- _Exercise aim_: The pictures are to be dropped, and the records below are to be restated word for word.

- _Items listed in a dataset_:

*-*-*

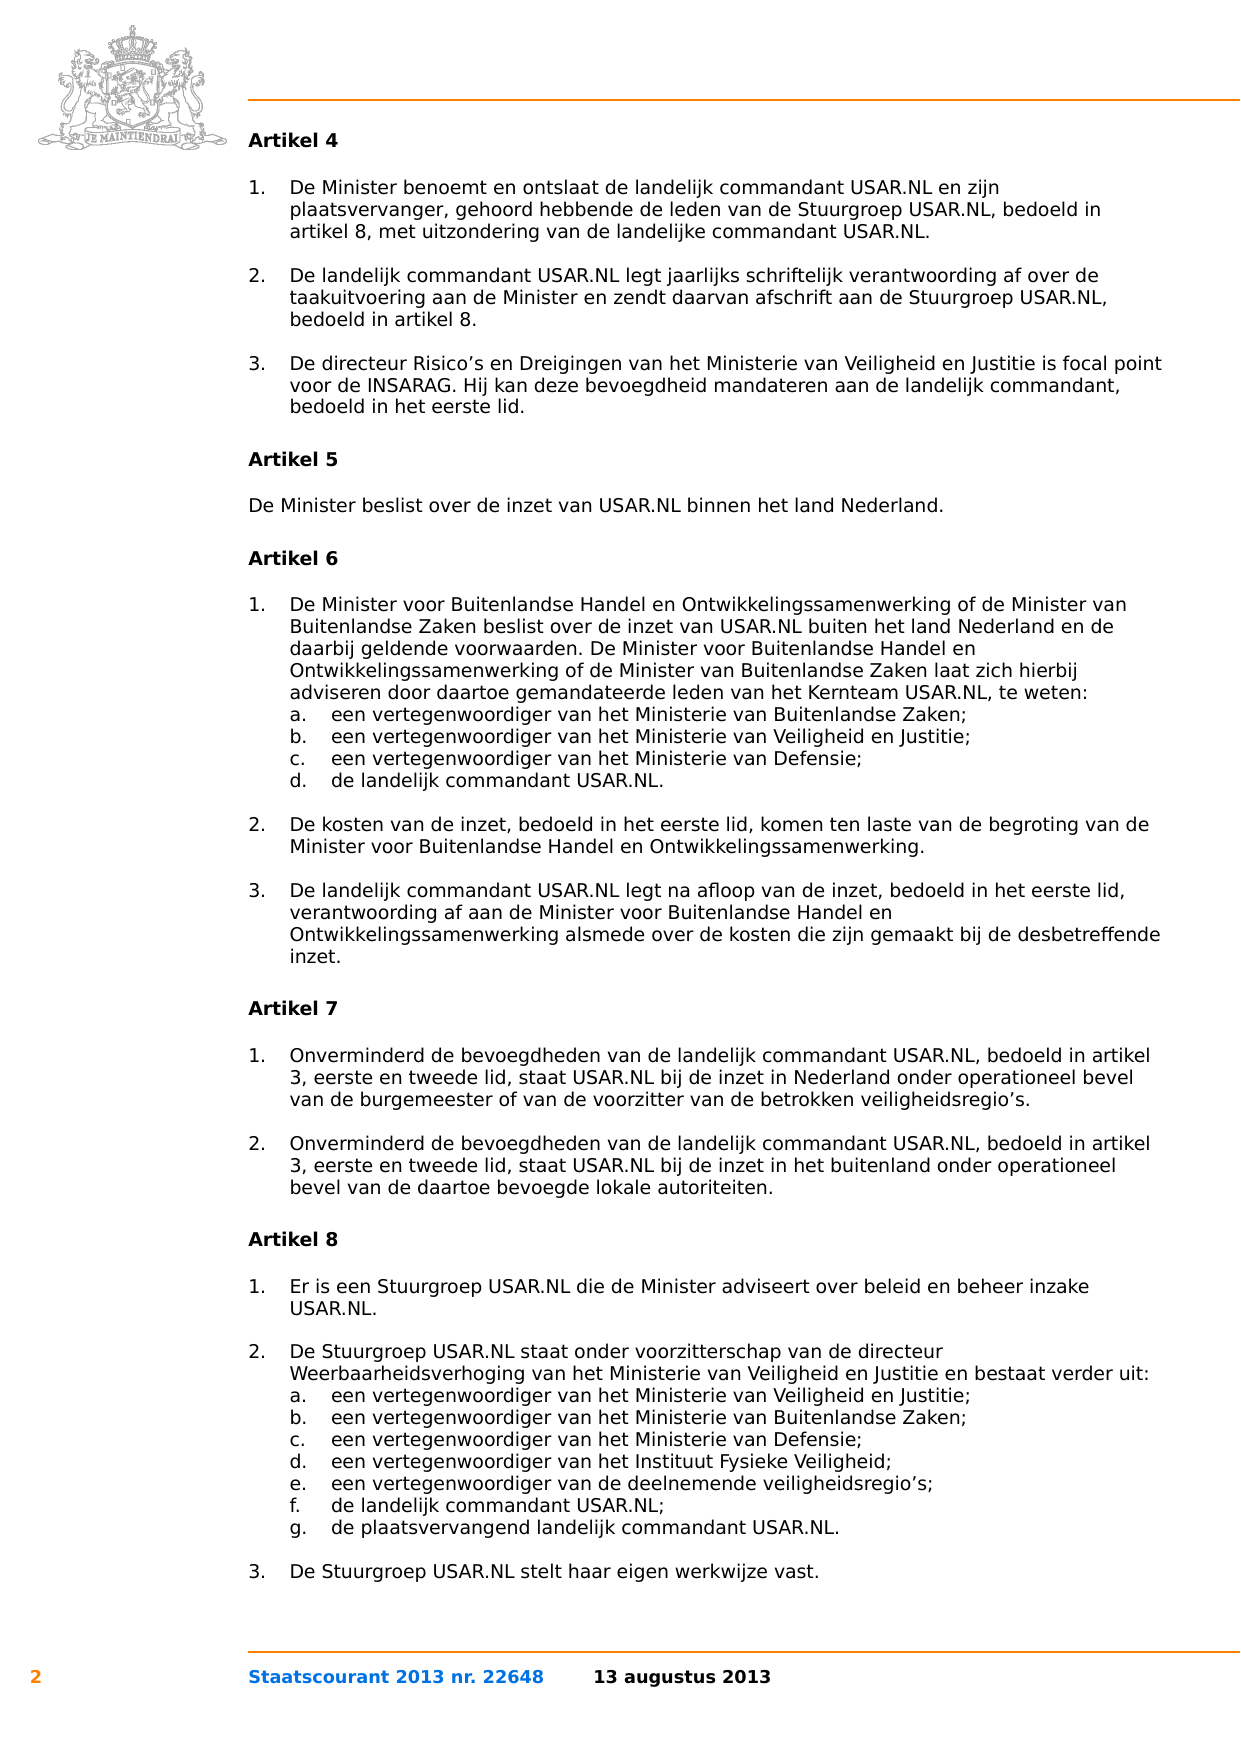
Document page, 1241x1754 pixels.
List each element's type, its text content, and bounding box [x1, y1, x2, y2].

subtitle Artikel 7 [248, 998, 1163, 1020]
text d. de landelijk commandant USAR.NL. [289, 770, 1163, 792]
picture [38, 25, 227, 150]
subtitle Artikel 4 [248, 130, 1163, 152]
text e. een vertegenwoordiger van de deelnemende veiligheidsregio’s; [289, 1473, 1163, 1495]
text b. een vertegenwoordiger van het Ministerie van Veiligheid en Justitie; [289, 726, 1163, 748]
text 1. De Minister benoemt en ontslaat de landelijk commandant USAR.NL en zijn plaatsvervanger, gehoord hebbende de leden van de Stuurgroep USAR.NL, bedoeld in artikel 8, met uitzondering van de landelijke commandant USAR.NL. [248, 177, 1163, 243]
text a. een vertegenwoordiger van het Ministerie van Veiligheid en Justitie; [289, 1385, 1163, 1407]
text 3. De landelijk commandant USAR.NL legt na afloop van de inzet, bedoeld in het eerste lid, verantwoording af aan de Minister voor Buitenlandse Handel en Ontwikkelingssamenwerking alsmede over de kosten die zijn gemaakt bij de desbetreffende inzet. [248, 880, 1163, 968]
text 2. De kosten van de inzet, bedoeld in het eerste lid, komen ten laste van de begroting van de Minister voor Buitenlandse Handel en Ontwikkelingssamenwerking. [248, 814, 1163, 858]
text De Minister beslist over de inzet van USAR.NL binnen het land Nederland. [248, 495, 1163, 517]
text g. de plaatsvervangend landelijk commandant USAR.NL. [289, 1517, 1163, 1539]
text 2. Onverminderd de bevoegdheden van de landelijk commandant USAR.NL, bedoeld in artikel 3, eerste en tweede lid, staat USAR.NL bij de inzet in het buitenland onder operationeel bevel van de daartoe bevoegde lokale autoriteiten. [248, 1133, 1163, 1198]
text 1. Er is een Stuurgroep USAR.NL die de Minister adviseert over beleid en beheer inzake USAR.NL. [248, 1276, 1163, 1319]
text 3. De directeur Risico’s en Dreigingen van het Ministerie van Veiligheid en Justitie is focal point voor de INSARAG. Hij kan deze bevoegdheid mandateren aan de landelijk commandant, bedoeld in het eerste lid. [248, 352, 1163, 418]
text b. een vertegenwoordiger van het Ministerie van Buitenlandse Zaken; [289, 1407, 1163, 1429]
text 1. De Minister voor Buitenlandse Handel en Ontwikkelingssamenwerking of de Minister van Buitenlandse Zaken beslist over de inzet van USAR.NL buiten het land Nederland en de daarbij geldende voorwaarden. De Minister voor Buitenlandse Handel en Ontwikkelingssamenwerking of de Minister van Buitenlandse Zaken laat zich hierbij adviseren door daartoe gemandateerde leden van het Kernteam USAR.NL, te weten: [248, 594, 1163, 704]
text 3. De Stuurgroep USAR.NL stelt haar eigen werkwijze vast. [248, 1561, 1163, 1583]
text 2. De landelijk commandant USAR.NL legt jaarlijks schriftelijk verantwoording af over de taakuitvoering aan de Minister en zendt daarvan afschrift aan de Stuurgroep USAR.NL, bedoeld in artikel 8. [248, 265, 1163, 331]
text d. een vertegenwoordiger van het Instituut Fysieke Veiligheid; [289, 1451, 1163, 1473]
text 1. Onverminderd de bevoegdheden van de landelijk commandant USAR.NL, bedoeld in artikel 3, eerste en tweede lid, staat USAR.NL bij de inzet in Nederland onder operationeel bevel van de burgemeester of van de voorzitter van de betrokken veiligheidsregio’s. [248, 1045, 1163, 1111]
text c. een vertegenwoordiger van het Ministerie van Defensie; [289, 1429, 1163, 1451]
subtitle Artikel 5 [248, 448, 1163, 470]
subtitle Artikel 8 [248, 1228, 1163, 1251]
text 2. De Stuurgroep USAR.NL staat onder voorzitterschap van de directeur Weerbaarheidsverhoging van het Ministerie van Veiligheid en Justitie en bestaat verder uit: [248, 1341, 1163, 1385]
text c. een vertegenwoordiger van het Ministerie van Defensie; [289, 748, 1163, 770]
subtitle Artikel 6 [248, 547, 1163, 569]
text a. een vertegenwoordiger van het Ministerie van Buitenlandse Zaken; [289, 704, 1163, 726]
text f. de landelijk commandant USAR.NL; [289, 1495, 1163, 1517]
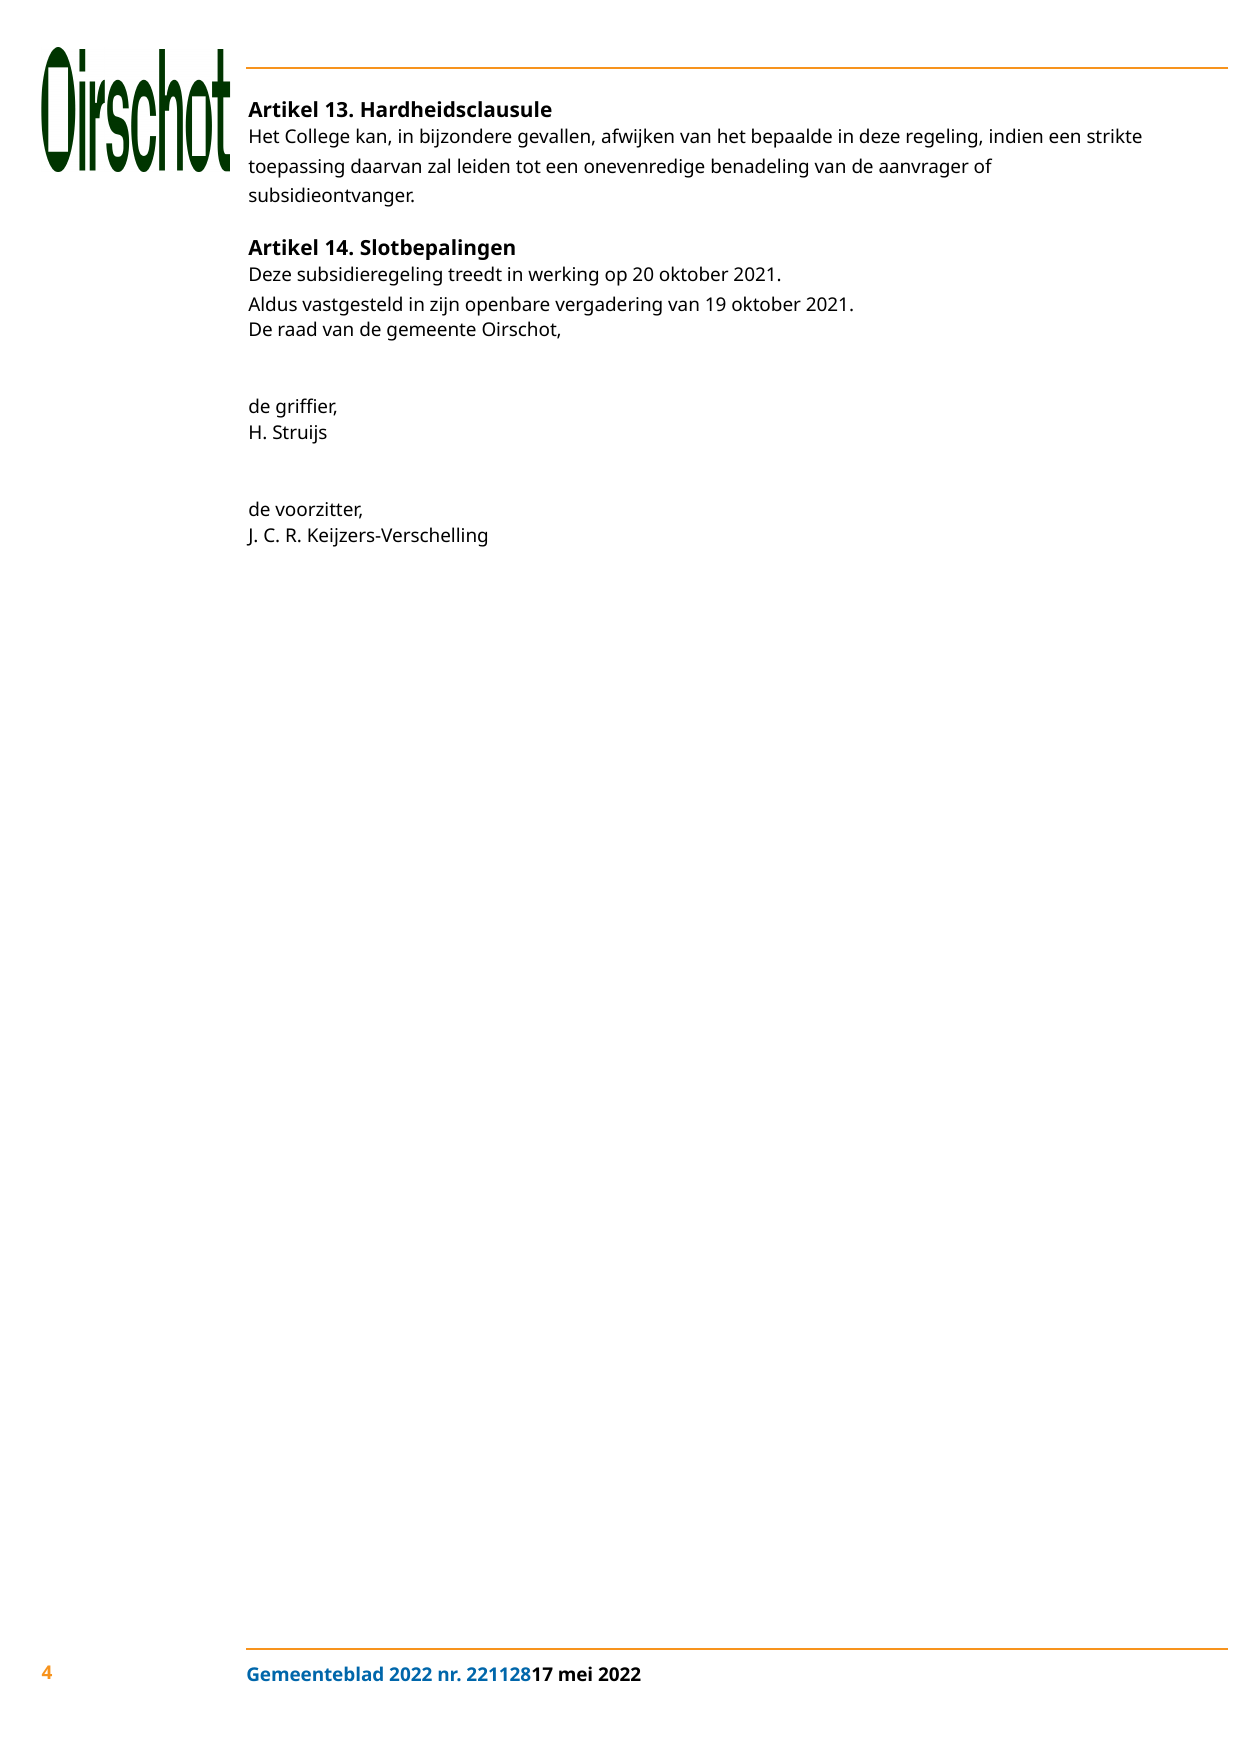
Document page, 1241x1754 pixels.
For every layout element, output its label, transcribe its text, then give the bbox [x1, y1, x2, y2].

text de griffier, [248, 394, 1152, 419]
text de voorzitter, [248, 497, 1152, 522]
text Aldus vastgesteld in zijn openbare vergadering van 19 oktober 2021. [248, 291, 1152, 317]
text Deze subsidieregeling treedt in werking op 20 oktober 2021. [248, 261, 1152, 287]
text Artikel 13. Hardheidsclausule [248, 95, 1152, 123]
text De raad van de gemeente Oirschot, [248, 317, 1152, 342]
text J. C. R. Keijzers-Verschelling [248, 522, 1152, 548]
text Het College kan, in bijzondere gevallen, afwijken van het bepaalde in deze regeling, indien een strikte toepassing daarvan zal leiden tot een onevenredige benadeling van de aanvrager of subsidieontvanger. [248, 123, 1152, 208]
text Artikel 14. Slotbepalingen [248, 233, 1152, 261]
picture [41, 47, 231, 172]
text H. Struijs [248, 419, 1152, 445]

*-*-*

- _Task solution_:
Document page, 1241x1754 pixels.
List each element's type, its text content, and bounding box [x1, y1, x2, y2].

subtitle Artikel 7 [248, 998, 1163, 1020]
text d. de landelijk commandant USAR.NL. [289, 770, 1163, 792]
picture [38, 25, 227, 150]
subtitle Artikel 4 [248, 130, 1163, 152]
text e. een vertegenwoordiger van de deelnemende veiligheidsregio’s; [289, 1473, 1163, 1495]
text b. een vertegenwoordiger van het Ministerie van Veiligheid en Justitie; [289, 726, 1163, 748]
text 1. De Minister benoemt en ontslaat de landelijk commandant USAR.NL en zijn plaatsvervanger, gehoord hebbende de leden van de Stuurgroep USAR.NL, bedoeld in artikel 8, met uitzondering van de landelijke commandant USAR.NL. [248, 177, 1163, 243]
text a. een vertegenwoordiger van het Ministerie van Veiligheid en Justitie; [289, 1385, 1163, 1407]
text 3. De landelijk commandant USAR.NL legt na afloop van de inzet, bedoeld in het eerste lid, verantwoording af aan de Minister voor Buitenlandse Handel en Ontwikkelingssamenwerking alsmede over de kosten die zijn gemaakt bij de desbetreffende inzet. [248, 880, 1163, 968]
text 2. De kosten van de inzet, bedoeld in het eerste lid, komen ten laste van de begroting van de Minister voor Buitenlandse Handel en Ontwikkelingssamenwerking. [248, 814, 1163, 858]
text De Minister beslist over de inzet van USAR.NL binnen het land Nederland. [248, 495, 1163, 517]
text g. de plaatsvervangend landelijk commandant USAR.NL. [289, 1517, 1163, 1539]
text 2. Onverminderd de bevoegdheden van de landelijk commandant USAR.NL, bedoeld in artikel 3, eerste en tweede lid, staat USAR.NL bij de inzet in het buitenland onder operationeel bevel van de daartoe bevoegde lokale autoriteiten. [248, 1133, 1163, 1198]
text 1. Er is een Stuurgroep USAR.NL die de Minister adviseert over beleid en beheer inzake USAR.NL. [248, 1276, 1163, 1319]
text 3. De directeur Risico’s en Dreigingen van het Ministerie van Veiligheid en Justitie is focal point voor de INSARAG. Hij kan deze bevoegdheid mandateren aan de landelijk commandant, bedoeld in het eerste lid. [248, 352, 1163, 418]
text b. een vertegenwoordiger van het Ministerie van Buitenlandse Zaken; [289, 1407, 1163, 1429]
text 1. De Minister voor Buitenlandse Handel en Ontwikkelingssamenwerking of de Minister van Buitenlandse Zaken beslist over de inzet van USAR.NL buiten het land Nederland en de daarbij geldende voorwaarden. De Minister voor Buitenlandse Handel en Ontwikkelingssamenwerking of de Minister van Buitenlandse Zaken laat zich hierbij adviseren door daartoe gemandateerde leden van het Kernteam USAR.NL, te weten: [248, 594, 1163, 704]
text 3. De Stuurgroep USAR.NL stelt haar eigen werkwijze vast. [248, 1561, 1163, 1583]
text 2. De landelijk commandant USAR.NL legt jaarlijks schriftelijk verantwoording af over de taakuitvoering aan de Minister en zendt daarvan afschrift aan de Stuurgroep USAR.NL, bedoeld in artikel 8. [248, 265, 1163, 331]
text d. een vertegenwoordiger van het Instituut Fysieke Veiligheid; [289, 1451, 1163, 1473]
text 1. Onverminderd de bevoegdheden van de landelijk commandant USAR.NL, bedoeld in artikel 3, eerste en tweede lid, staat USAR.NL bij de inzet in Nederland onder operationeel bevel van de burgemeester of van de voorzitter van de betrokken veiligheidsregio’s. [248, 1045, 1163, 1111]
text c. een vertegenwoordiger van het Ministerie van Defensie; [289, 1429, 1163, 1451]
subtitle Artikel 5 [248, 448, 1163, 470]
subtitle Artikel 8 [248, 1228, 1163, 1251]
text 2. De Stuurgroep USAR.NL staat onder voorzitterschap van de directeur Weerbaarheidsverhoging van het Ministerie van Veiligheid en Justitie en bestaat verder uit: [248, 1341, 1163, 1385]
text c. een vertegenwoordiger van het Ministerie van Defensie; [289, 748, 1163, 770]
subtitle Artikel 6 [248, 547, 1163, 569]
text a. een vertegenwoordiger van het Ministerie van Buitenlandse Zaken; [289, 704, 1163, 726]
text f. de landelijk commandant USAR.NL; [289, 1495, 1163, 1517]
Document page, 1241x1754 pixels.
For every layout element, output its label, transcribe its text, then give the bbox [x1, y1, x2, y2].

text de griffier, [248, 394, 1152, 419]
text de voorzitter, [248, 497, 1152, 522]
text Aldus vastgesteld in zijn openbare vergadering van 19 oktober 2021. [248, 291, 1152, 317]
text Deze subsidieregeling treedt in werking op 20 oktober 2021. [248, 261, 1152, 287]
text Artikel 13. Hardheidsclausule [248, 95, 1152, 123]
text De raad van de gemeente Oirschot, [248, 317, 1152, 342]
text J. C. R. Keijzers-Verschelling [248, 522, 1152, 548]
text Het College kan, in bijzondere gevallen, afwijken van het bepaalde in deze regeling, indien een strikte toepassing daarvan zal leiden tot een onevenredige benadeling van de aanvrager of subsidieontvanger. [248, 123, 1152, 208]
text Artikel 14. Slotbepalingen [248, 233, 1152, 261]
picture [41, 47, 231, 172]
text H. Struijs [248, 419, 1152, 445]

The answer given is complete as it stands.